[Opening DATASET CONTENT section]

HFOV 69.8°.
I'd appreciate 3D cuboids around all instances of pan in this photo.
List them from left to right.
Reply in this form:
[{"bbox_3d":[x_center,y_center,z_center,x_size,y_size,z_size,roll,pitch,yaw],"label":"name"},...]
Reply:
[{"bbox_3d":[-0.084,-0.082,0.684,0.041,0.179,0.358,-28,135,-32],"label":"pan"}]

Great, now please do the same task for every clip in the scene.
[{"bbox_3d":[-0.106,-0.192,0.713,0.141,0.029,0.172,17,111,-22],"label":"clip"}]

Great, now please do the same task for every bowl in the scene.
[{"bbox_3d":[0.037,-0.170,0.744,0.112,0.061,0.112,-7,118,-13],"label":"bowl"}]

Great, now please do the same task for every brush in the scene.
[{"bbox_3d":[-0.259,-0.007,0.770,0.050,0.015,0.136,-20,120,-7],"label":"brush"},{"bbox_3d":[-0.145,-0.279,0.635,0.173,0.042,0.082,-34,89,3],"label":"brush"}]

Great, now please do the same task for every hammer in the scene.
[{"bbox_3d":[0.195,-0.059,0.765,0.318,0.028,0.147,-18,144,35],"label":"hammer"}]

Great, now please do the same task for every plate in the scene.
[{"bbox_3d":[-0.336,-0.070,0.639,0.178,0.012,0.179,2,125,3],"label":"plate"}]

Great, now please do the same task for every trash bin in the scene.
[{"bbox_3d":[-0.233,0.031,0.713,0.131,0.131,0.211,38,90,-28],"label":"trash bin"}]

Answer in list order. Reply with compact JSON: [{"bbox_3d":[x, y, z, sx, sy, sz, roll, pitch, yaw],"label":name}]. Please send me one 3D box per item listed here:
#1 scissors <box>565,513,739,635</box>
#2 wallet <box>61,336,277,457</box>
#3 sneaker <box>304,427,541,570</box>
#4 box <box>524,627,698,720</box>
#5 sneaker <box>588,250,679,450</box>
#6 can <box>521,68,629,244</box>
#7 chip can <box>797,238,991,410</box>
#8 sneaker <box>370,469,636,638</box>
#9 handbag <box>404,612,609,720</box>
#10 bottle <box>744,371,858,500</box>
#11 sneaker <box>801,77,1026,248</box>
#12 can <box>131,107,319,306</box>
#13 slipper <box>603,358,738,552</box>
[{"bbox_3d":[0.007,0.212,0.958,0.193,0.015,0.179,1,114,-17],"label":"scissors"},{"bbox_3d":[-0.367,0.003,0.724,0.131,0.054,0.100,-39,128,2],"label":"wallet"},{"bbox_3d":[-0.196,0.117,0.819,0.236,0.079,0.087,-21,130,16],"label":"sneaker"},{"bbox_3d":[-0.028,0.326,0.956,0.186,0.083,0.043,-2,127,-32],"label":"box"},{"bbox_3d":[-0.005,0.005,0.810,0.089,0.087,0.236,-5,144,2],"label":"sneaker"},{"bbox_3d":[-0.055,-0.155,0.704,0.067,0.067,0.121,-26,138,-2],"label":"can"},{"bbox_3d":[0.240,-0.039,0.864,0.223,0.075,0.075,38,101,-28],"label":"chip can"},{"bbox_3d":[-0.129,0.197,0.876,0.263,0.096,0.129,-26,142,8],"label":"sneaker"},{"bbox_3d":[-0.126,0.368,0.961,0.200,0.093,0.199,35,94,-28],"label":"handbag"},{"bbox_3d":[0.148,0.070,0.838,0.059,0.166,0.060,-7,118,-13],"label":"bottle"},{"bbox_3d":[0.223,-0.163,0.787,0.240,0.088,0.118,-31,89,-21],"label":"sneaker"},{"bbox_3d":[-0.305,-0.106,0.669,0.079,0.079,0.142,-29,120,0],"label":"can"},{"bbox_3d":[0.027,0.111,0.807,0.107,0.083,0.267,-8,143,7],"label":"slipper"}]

[Closing DATASET CONTENT section]

• **WHAT TO WORK ON**: With the line that contains "Great, now please do the same task for every plate" as your start, reproduce the data above exactly through its last line, and nothing before that start.

• **ANSWER SECTION**:
Great, now please do the same task for every plate in the scene.
[{"bbox_3d":[-0.336,-0.070,0.639,0.178,0.012,0.179,2,125,3],"label":"plate"}]

Great, now please do the same task for every trash bin in the scene.
[{"bbox_3d":[-0.233,0.031,0.713,0.131,0.131,0.211,38,90,-28],"label":"trash bin"}]

Answer in list order. Reply with compact JSON: [{"bbox_3d":[x, y, z, sx, sy, sz, roll, pitch, yaw],"label":name}]. Please send me one 3D box per item listed here:
#1 scissors <box>565,513,739,635</box>
#2 wallet <box>61,336,277,457</box>
#3 sneaker <box>304,427,541,570</box>
#4 box <box>524,627,698,720</box>
#5 sneaker <box>588,250,679,450</box>
#6 can <box>521,68,629,244</box>
#7 chip can <box>797,238,991,410</box>
#8 sneaker <box>370,469,636,638</box>
#9 handbag <box>404,612,609,720</box>
#10 bottle <box>744,371,858,500</box>
#11 sneaker <box>801,77,1026,248</box>
#12 can <box>131,107,319,306</box>
#13 slipper <box>603,358,738,552</box>
[{"bbox_3d":[0.007,0.212,0.958,0.193,0.015,0.179,1,114,-17],"label":"scissors"},{"bbox_3d":[-0.367,0.003,0.724,0.131,0.054,0.100,-39,128,2],"label":"wallet"},{"bbox_3d":[-0.196,0.117,0.819,0.236,0.079,0.087,-21,130,16],"label":"sneaker"},{"bbox_3d":[-0.028,0.326,0.956,0.186,0.083,0.043,-2,127,-32],"label":"box"},{"bbox_3d":[-0.005,0.005,0.810,0.089,0.087,0.236,-5,144,2],"label":"sneaker"},{"bbox_3d":[-0.055,-0.155,0.704,0.067,0.067,0.121,-26,138,-2],"label":"can"},{"bbox_3d":[0.240,-0.039,0.864,0.223,0.075,0.075,38,101,-28],"label":"chip can"},{"bbox_3d":[-0.129,0.197,0.876,0.263,0.096,0.129,-26,142,8],"label":"sneaker"},{"bbox_3d":[-0.126,0.368,0.961,0.200,0.093,0.199,35,94,-28],"label":"handbag"},{"bbox_3d":[0.148,0.070,0.838,0.059,0.166,0.060,-7,118,-13],"label":"bottle"},{"bbox_3d":[0.223,-0.163,0.787,0.240,0.088,0.118,-31,89,-21],"label":"sneaker"},{"bbox_3d":[-0.305,-0.106,0.669,0.079,0.079,0.142,-29,120,0],"label":"can"},{"bbox_3d":[0.027,0.111,0.807,0.107,0.083,0.267,-8,143,7],"label":"slipper"}]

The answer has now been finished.